By the fourth summons, it was clear that escape was no longer possible. He would have to go. If he could not refuse, then he would spoil it, overturning it from within. It was a childish vow, but the idea that he might destroy as well as enter steadied him.
The room was absurd in its pretense of being a place of study; a cathedral masquerading as a classroom. The ceilings stretched into vaults, where gold-leaf moldings caught and fractured the morning light into a sacramental gleam. The tall-paned windows were ajar just enough to let in the chill exhalation of autumn. Sunbeams drifted through the room, carrying dust motes that looked like flakes of manuscript, scripture disintegrating mid-sermon. The air smelt of parchment and something more ancient: a ghost of stone and plaster. It was as if the walls themselves had grown fat on centuries of overheard confidences.
Richard pushed open the door. Its creak cut through the silence like a blade. They were already there, five of them arranged like figures in an obscure museum painting. Their presence was too deliberate and composed; it was as though they had been waiting all along.
At the front stood Julian Morrow, composed and elegant, his handsome face arranged into the careful stillness of authority. When he spoke, his voice was warm, but precise, each word balanced as if weighed beforehand.
“Mr. Papen,” he said. His tone was genial, but the words landed like a reprimand. “Late on the first day. And without even the courtesy of an introduction.”
Richard did not answer. He did not sit down.
Instead, he stepped forward into the center of the room, where he was met with the weight of their closed eyes. Henry’s gaze was as sharp as a blade, while Camilla’s was as soft as gauze. Charles lingered just behind her, his presence like a shadow. Francis leaned back, watching with idle amusement. Bunny was already smirking. At the front, Julian waited patiently.
Richard opened his mouth.
And he sang.
Not in Greek. Not in Latin either. But in English.
The melody rose pure and clear, his voice steady and cutting like a discordant note across the ordered hush. Ten years of war, they killed us slowly. The words held no grandeur or invocation of gods or heroes; only grief: a hymn to blood and loss where philosophy should have reigned supreme. I’d rather bleed for you...
He did not look at them. His gaze was fixed somewhere beyond their faces, as though the song belonged to an unseen presence.
When the last note faded, silence filled the high room. Dust hung suspended in shafts of light. No one moved.
Richard bowed – a precise, economical gesture that seemed almost mocking – and then turned away.
The door closed behind him with a quiet, irrevocable click.
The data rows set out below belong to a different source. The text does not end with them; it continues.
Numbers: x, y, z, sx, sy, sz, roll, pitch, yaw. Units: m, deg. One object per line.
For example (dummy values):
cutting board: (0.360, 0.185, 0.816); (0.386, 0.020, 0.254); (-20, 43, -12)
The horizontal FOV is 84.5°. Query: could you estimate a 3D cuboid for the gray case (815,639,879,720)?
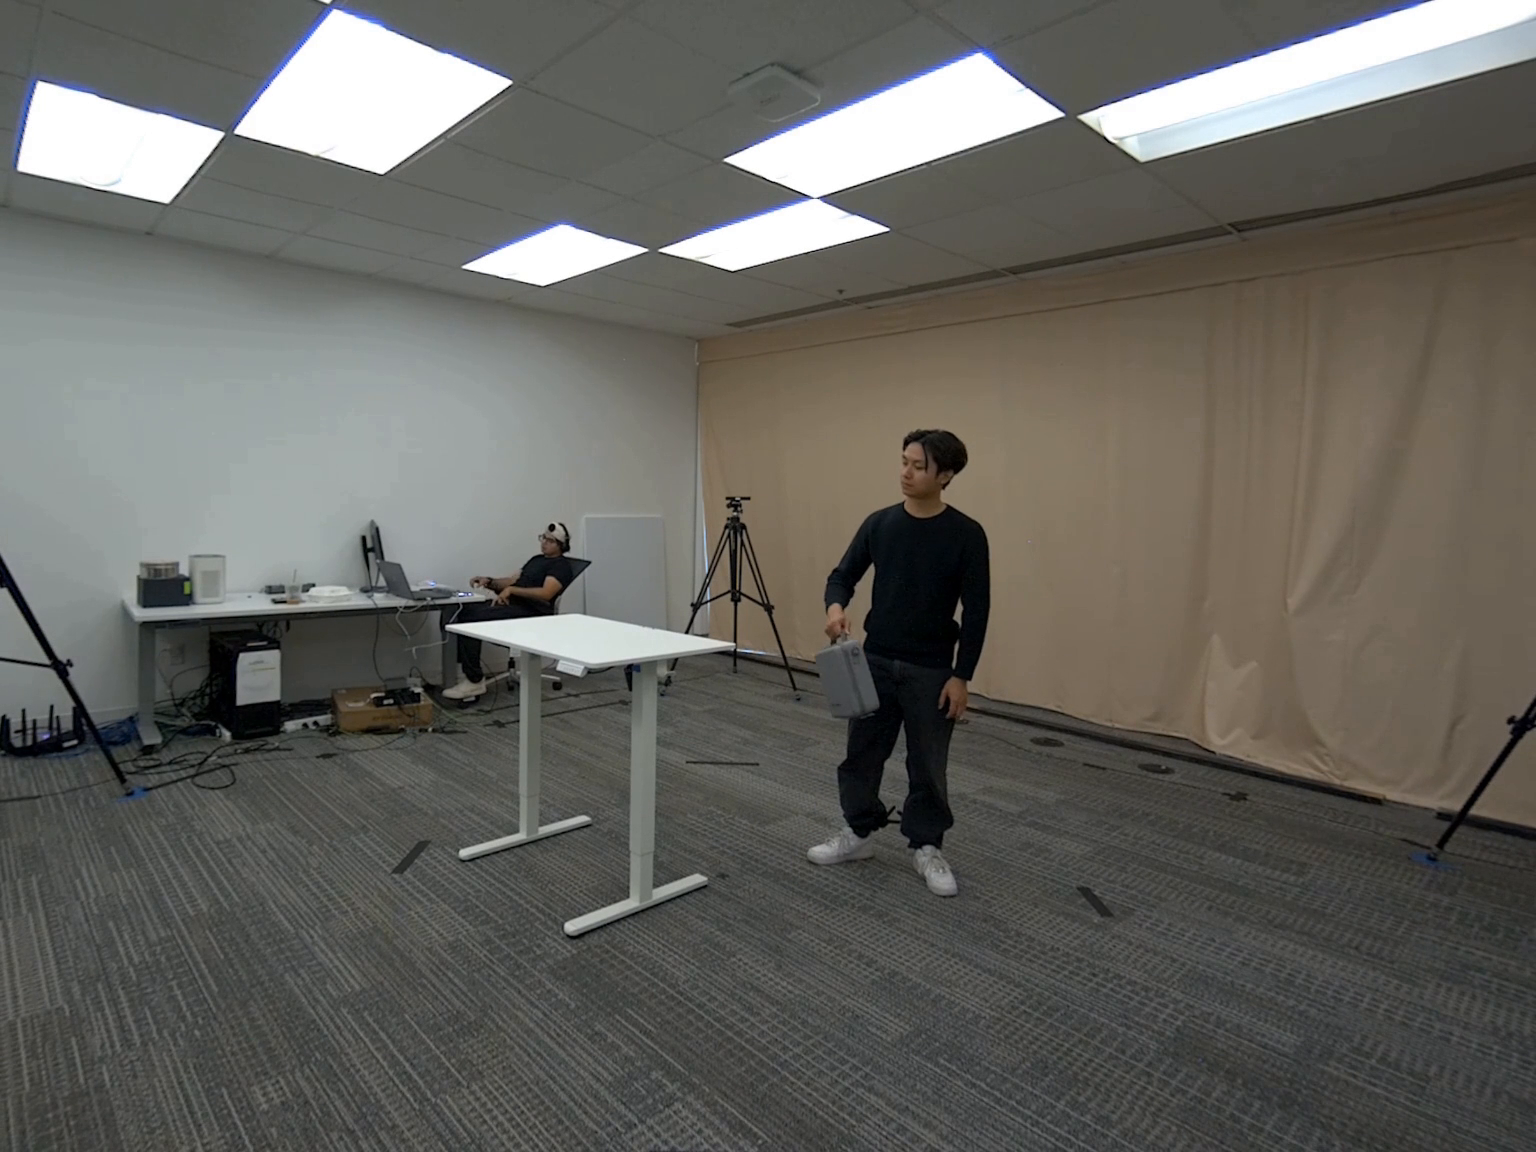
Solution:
gray case: (0.268, 0.361, 2.956); (0.103, 0.263, 0.256); (-12, -8, -12)
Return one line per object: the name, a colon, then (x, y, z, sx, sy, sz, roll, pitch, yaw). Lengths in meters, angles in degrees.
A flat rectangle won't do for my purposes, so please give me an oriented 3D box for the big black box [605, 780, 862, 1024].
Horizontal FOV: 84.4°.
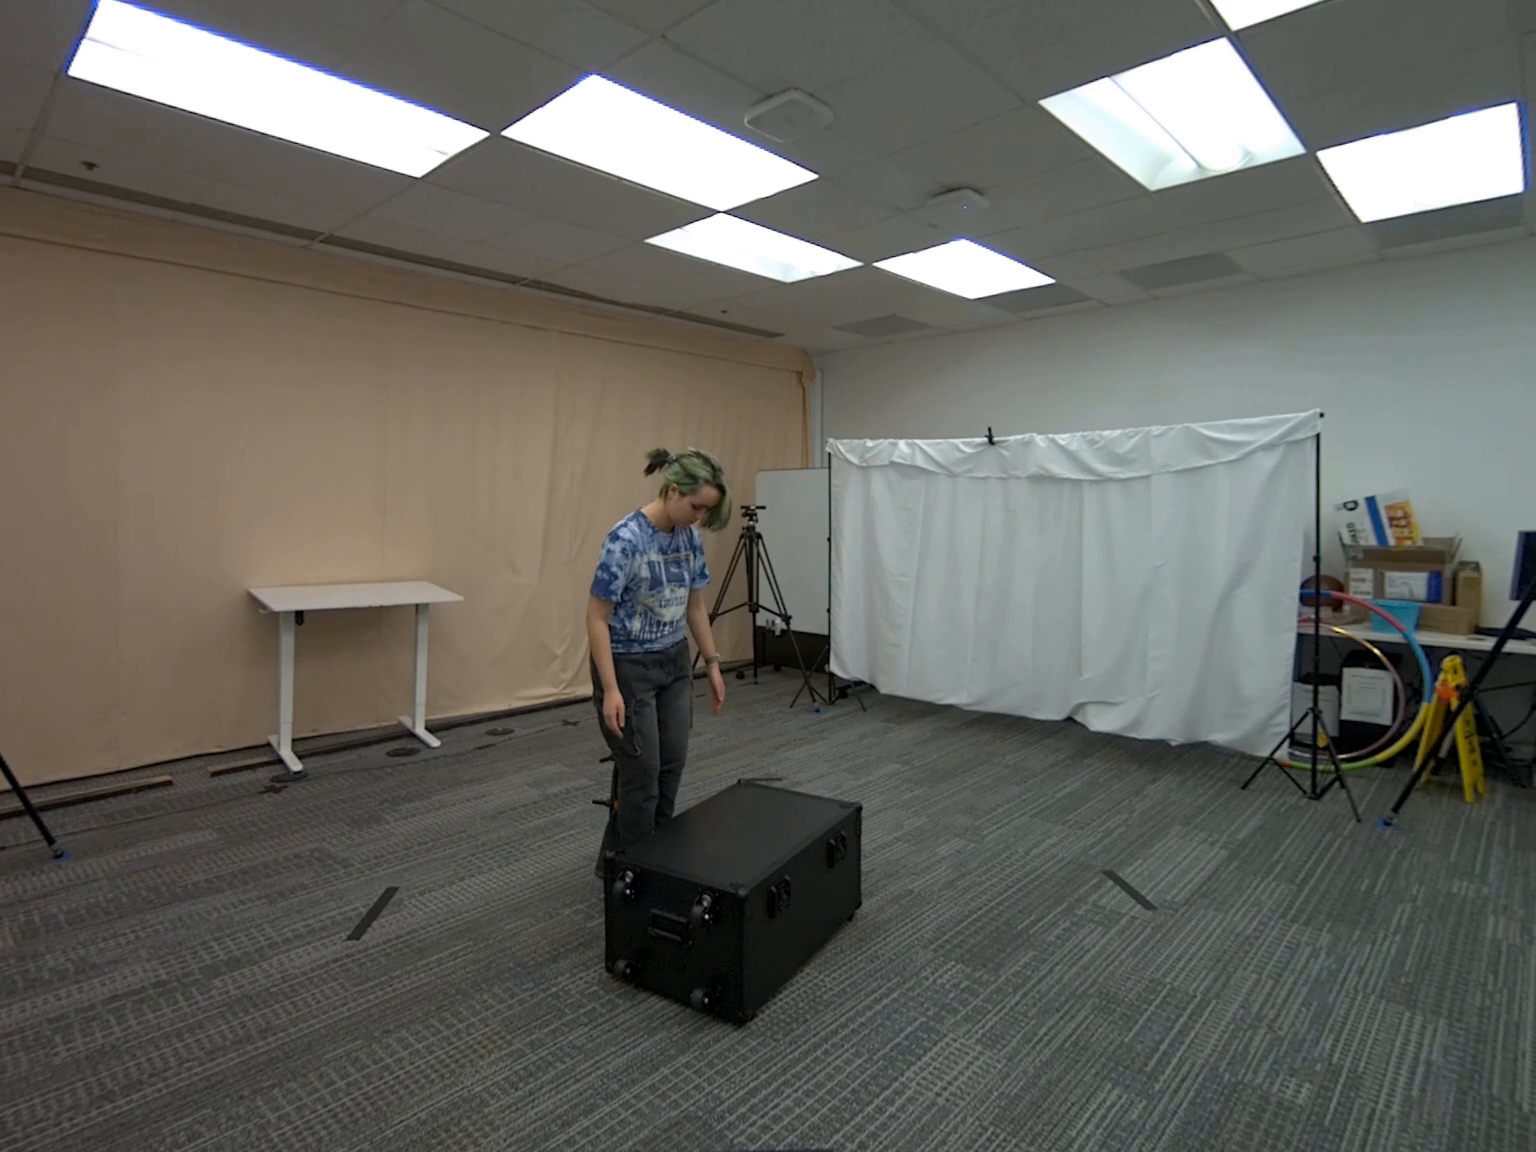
big black box: (-0.093, 0.983, 2.637, 0.536, 0.395, 0.838, 2, 4, 30)
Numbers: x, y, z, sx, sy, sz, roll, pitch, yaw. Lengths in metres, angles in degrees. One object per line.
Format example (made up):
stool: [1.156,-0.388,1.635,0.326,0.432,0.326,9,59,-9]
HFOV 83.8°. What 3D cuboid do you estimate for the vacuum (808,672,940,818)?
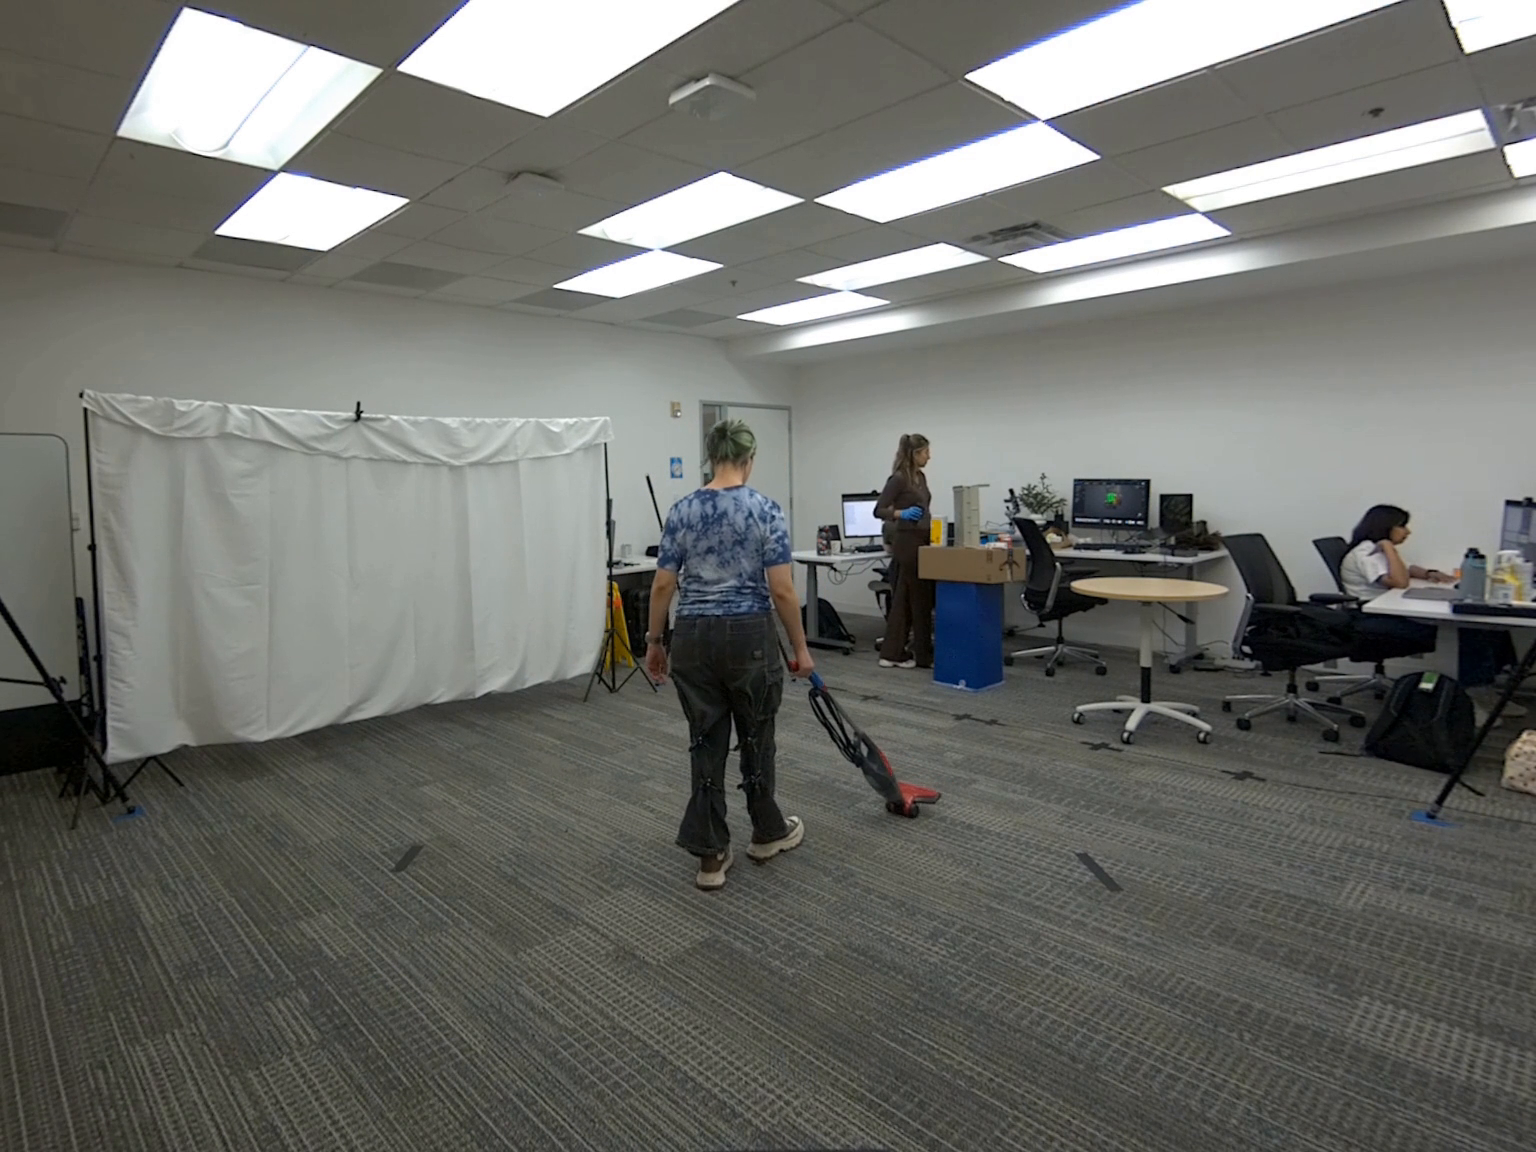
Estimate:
vacuum: [0.332,0.639,3.291,0.260,0.145,1.011,3,-36,43]
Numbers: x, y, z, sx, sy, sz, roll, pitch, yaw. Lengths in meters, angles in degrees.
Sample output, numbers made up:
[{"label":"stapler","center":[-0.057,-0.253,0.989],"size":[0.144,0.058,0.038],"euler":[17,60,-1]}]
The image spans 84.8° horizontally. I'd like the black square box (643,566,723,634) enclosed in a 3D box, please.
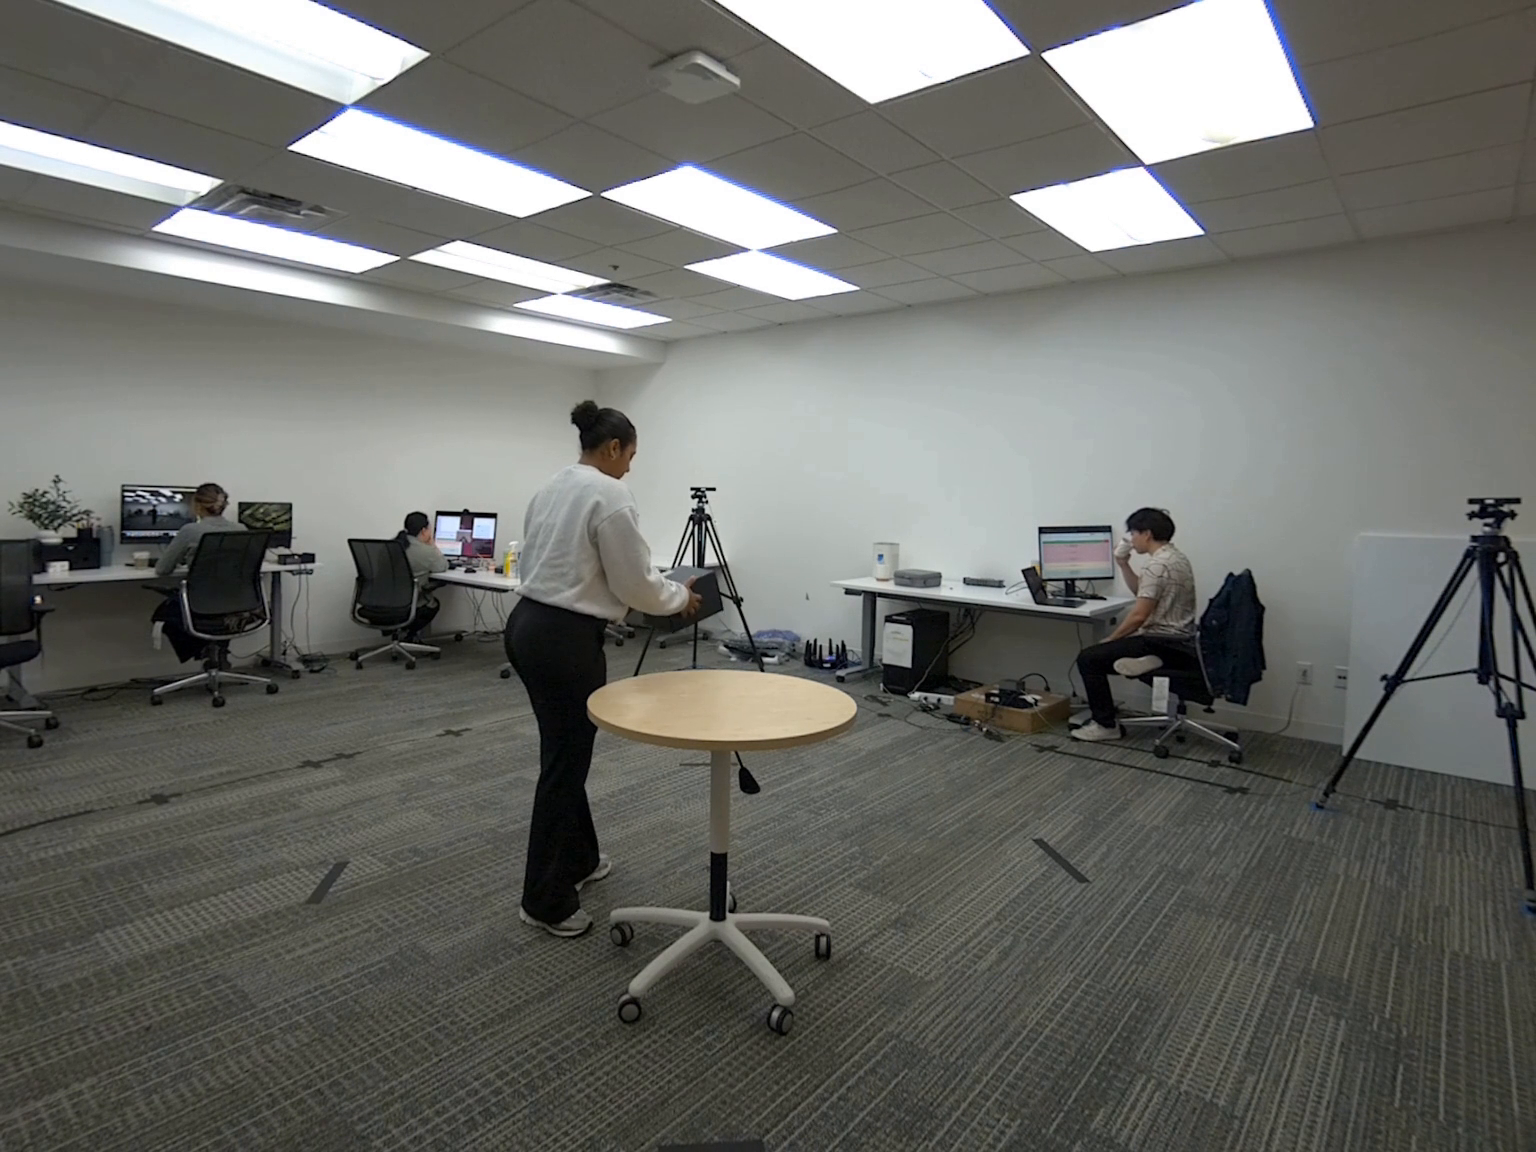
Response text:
[{"label":"black square box","center":[-0.326,0.084,3.099],"size":[0.223,0.153,0.224],"euler":[-20,17,-34]}]
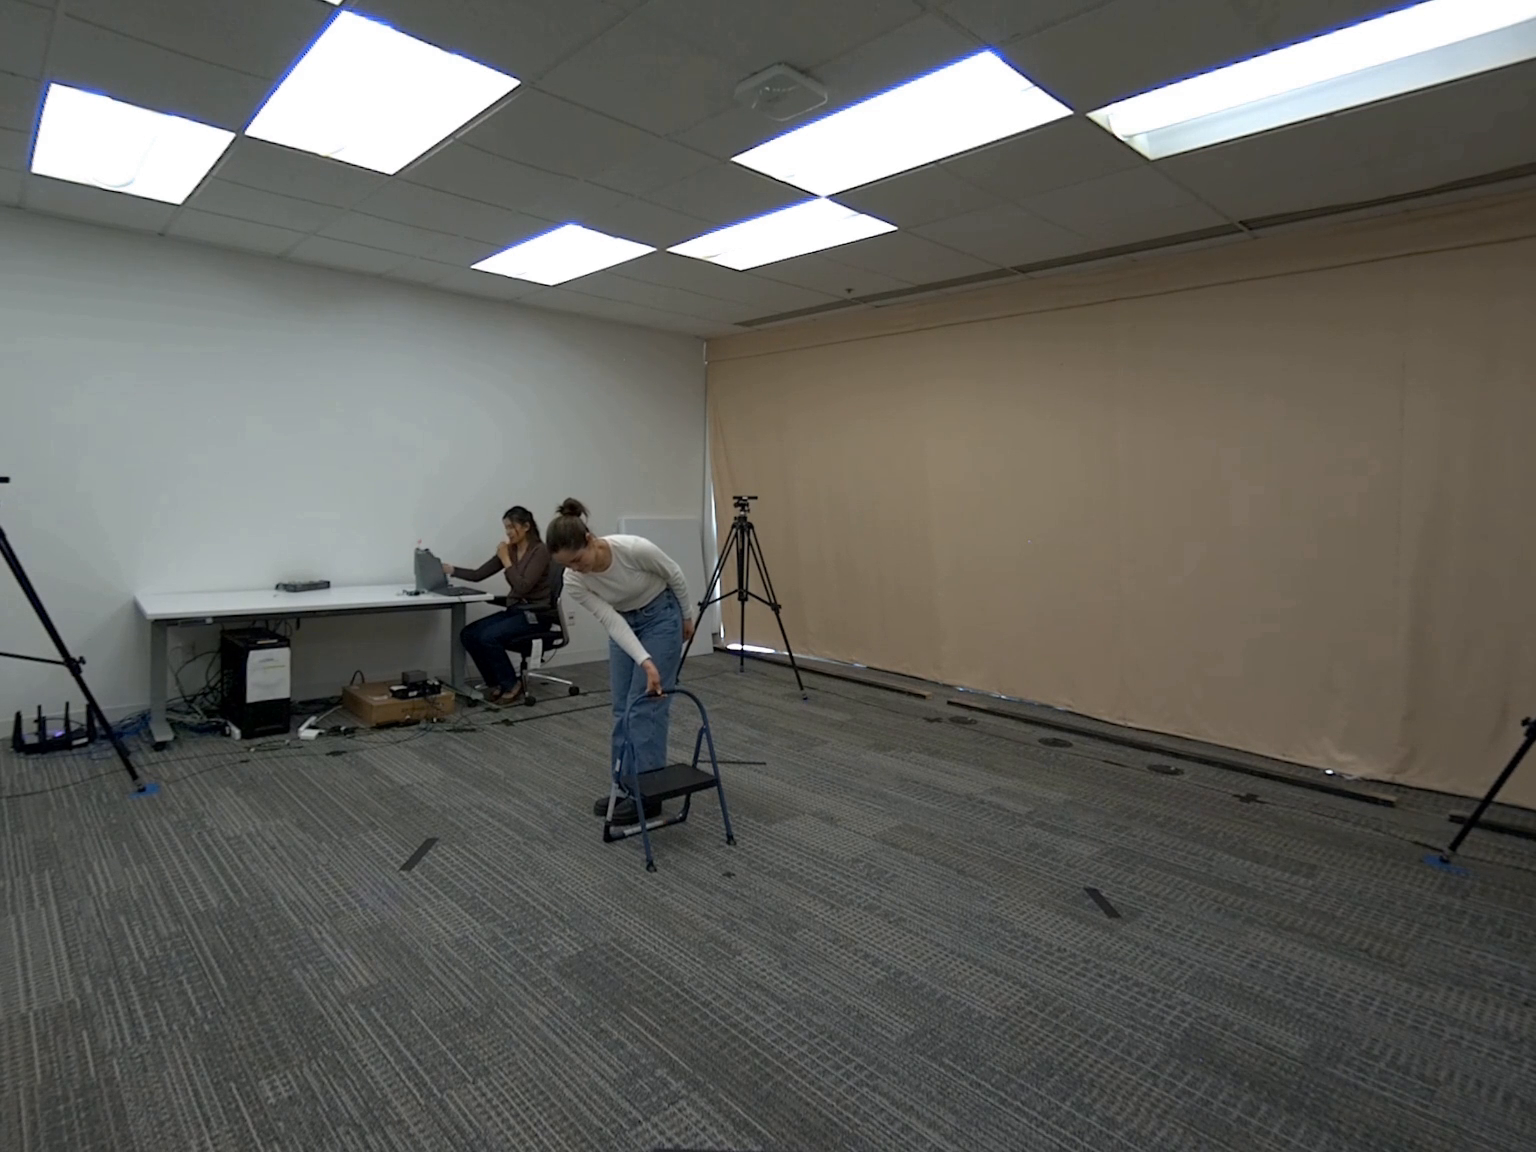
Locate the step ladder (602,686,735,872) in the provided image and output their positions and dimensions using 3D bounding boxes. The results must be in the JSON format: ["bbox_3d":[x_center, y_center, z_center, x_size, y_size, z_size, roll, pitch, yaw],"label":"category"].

Outside, the air was cooler and the leaves stirred faintly in the trees. Richard stood still with his hands in his pockets, his heart beating loudly in his chest.
He told himself that he had ruined their ceremony and turned their summons into a farce. He would walk away before they dismissed him. That was the plan.
Yet, as he crossed the green, the hush of the Lyceum still echoing in his ears, he suddenly knew: he had not escaped them. He had only made himself unforgettable.